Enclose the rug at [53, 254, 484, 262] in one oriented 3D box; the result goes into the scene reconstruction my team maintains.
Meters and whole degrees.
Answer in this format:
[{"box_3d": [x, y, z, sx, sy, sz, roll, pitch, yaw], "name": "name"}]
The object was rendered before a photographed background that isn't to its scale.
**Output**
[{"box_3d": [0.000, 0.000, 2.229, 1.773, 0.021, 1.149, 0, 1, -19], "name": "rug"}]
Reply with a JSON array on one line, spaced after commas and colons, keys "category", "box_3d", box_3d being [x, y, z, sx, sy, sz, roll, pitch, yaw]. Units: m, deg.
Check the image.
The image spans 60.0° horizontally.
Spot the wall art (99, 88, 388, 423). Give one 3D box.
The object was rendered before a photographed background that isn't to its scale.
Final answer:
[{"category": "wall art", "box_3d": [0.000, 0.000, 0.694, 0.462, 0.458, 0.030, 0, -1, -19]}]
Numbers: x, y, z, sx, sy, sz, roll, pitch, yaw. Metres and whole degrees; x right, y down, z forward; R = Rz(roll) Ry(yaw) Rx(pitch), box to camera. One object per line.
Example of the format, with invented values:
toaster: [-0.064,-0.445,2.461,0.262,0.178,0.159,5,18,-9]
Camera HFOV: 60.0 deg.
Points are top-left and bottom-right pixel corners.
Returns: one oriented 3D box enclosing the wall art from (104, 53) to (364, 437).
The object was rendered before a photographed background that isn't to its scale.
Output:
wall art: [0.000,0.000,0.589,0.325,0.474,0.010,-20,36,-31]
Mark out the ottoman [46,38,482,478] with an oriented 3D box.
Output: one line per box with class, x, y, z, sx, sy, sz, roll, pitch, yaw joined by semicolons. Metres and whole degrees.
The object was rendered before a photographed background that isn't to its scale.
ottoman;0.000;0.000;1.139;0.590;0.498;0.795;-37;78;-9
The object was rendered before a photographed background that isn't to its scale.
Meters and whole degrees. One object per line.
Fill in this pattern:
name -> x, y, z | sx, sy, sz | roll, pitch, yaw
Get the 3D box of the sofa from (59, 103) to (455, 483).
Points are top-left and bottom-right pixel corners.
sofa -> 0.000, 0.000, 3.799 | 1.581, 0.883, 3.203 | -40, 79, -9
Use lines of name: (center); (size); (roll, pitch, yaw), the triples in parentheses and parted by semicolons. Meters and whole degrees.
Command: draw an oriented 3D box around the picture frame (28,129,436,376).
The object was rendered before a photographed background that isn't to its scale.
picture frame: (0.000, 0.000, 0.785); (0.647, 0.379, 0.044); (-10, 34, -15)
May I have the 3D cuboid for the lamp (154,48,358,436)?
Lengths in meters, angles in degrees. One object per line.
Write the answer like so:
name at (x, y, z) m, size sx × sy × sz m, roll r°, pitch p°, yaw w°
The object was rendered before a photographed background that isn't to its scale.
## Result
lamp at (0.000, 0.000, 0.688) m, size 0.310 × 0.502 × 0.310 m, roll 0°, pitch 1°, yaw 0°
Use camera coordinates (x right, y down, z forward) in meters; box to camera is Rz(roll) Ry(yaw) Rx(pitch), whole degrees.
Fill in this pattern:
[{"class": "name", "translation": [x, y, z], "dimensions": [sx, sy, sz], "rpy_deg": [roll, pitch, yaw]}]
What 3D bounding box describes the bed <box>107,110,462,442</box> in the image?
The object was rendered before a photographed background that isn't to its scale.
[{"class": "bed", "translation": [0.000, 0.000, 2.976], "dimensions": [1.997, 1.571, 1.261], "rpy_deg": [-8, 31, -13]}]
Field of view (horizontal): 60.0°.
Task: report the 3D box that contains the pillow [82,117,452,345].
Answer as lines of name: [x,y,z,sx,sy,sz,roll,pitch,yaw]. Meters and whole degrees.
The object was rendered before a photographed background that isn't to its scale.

▸ **What you have to do**
All of the records above are to be set down again exactly.

▸ **Result of this exercise**
Enclose the rug at [53, 254, 484, 262] in one oriented 3D box; the result goes into the scene reconstruction my team maintains.
Meters and whole degrees.
Answer in this format:
[{"box_3d": [x, y, z, sx, sy, sz, roll, pitch, yaw], "name": "name"}]
The object was rendered before a photographed background that isn't to its scale.
**Output**
[{"box_3d": [0.000, 0.000, 2.229, 1.773, 0.021, 1.149, 0, 1, -19], "name": "rug"}]
Reply with a JSON array on one line, spaced after commas and colons, keys "category", "box_3d", box_3d being [x, y, z, sx, sy, sz, roll, pitch, yaw]. Units: m, deg.
Check the image.
The image spans 60.0° horizontally.
Spot the wall art (99, 88, 388, 423). Give one 3D box.
The object was rendered before a photographed background that isn't to its scale.
Final answer:
[{"category": "wall art", "box_3d": [0.000, 0.000, 0.694, 0.462, 0.458, 0.030, 0, -1, -19]}]
Numbers: x, y, z, sx, sy, sz, roll, pitch, yaw. Metres and whole degrees; x right, y down, z forward; R = Rz(roll) Ry(yaw) Rx(pitch), box to camera. One object per line.
Example of the format, with invented values:
toaster: [-0.064,-0.445,2.461,0.262,0.178,0.159,5,18,-9]
Camera HFOV: 60.0 deg.
Points are top-left and bottom-right pixel corners.
Returns: one oriented 3D box enclosing the wall art from (104, 53) to (364, 437).
The object was rendered before a photographed background that isn't to its scale.
Output:
wall art: [0.000,0.000,0.589,0.325,0.474,0.010,-20,36,-31]
Mark out the ottoman [46,38,482,478] with an oriented 3D box.
Output: one line per box with class, x, y, z, sx, sy, sz, roll, pitch, yaw joined by semicolons. Metres and whole degrees.
The object was rendered before a photographed background that isn't to its scale.
ottoman;0.000;0.000;1.139;0.590;0.498;0.795;-37;78;-9
The object was rendered before a photographed background that isn't to its scale.
Meters and whole degrees. One object per line.
Fill in this pattern:
name -> x, y, z | sx, sy, sz | roll, pitch, yaw
Get the 3D box of the sofa from (59, 103) to (455, 483).
Points are top-left and bottom-right pixel corners.
sofa -> 0.000, 0.000, 3.799 | 1.581, 0.883, 3.203 | -40, 79, -9
Use lines of name: (center); (size); (roll, pitch, yaw), the triples in parentheses and parted by semicolons. Meters and whole degrees.
Command: draw an oriented 3D box around the picture frame (28,129,436,376).
The object was rendered before a photographed background that isn't to its scale.
picture frame: (0.000, 0.000, 0.785); (0.647, 0.379, 0.044); (-10, 34, -15)
May I have the 3D cuboid for the lamp (154,48,358,436)?
Lengths in meters, angles in degrees. One object per line.
Write the answer like so:
name at (x, y, z) m, size sx × sy × sz m, roll r°, pitch p°, yaw w°
The object was rendered before a photographed background that isn't to its scale.
## Result
lamp at (0.000, 0.000, 0.688) m, size 0.310 × 0.502 × 0.310 m, roll 0°, pitch 1°, yaw 0°
Use camera coordinates (x right, y down, z forward) in meters; box to camera is Rz(roll) Ry(yaw) Rx(pitch), whole degrees.
Fill in this pattern:
[{"class": "name", "translation": [x, y, z], "dimensions": [sx, sy, sz], "rpy_deg": [roll, pitch, yaw]}]
What 3D bounding box describes the bed <box>107,110,462,442</box> in the image?
The object was rendered before a photographed background that isn't to its scale.
[{"class": "bed", "translation": [0.000, 0.000, 2.976], "dimensions": [1.997, 1.571, 1.261], "rpy_deg": [-8, 31, -13]}]
Field of view (horizontal): 60.0°.
Task: report the 3D box that contains the pillow [82,117,452,345].
Answer as lines of name: [x,y,z,sx,sy,sz,roll,pitch,yaw]. Meters and whole degrees.
The object was rendered before a photographed background that isn't to its scale.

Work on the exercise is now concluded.